张驭寰《北宋东京城建筑复原研究》提到有两处“佑神观”,一处在水溃街东侧,一处在广利门内西侧。 “保真图,东京于州南保真宫,孙恍饶朱逸民黑先。”《沛京遗迹志》称:“酸泉观在东水门里。宋真宗大中祥符元年五月,泰山醋泉出,诏于其地建醋泉观。后复建于京城。金季兵毁。”

这些道教建筑现已不存在,只得借古人的记述得以一见。

宋代对对弈地点和场景的选择对后世产生了深远的影响。

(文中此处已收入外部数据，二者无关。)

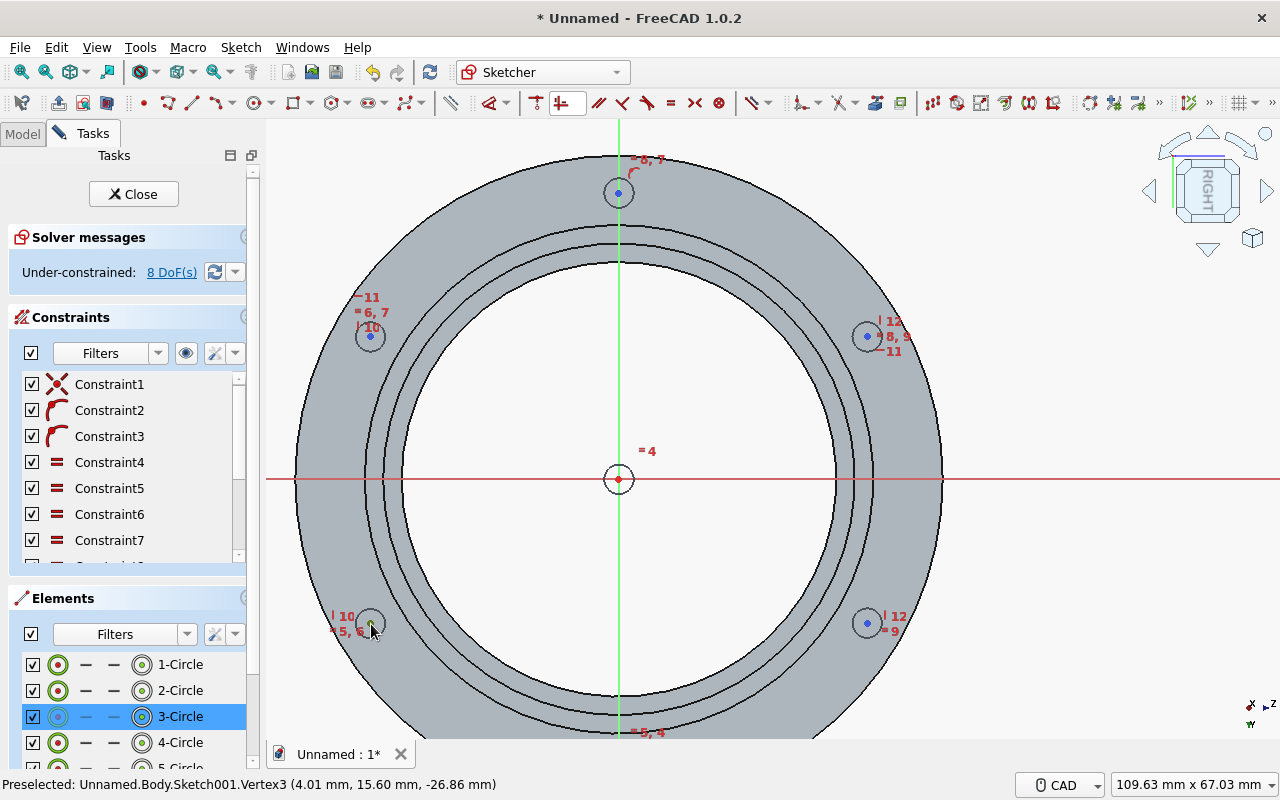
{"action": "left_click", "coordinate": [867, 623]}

宋代职业围棋高度发展,围棋的竞技性也逐渐增强,与此同时,宋朝士大夫阶层在阶层内部兴起了一种去竞技化的士大夫棋。士大夫棋直接跨越了围棋“技”的层面,上升到“意”的层面,围棋的全部意义就在于陶冶情操,“本图忘物我,何必计输赢”。(徐核《棋赌赋诗输刘起居奥》)“胜固欣然,败亦可喜”(苏轼《观棋》),这种抛却技术追求意境的围棋观念为后世文人传承延续。

比如,现藏于台北故宫博物院的《明人十八学士图》(棋篇),常被误传为“宋十八学士图”。画中杨柳摇曳、蕉翠榴丹,奇古石筍点缀其间,棕榈、菖蒲、含羞草以盆栽的形式作为装饰,明显受到宋代文人对弈氛围的影响,烘托出近似于宋代文人棋的意境。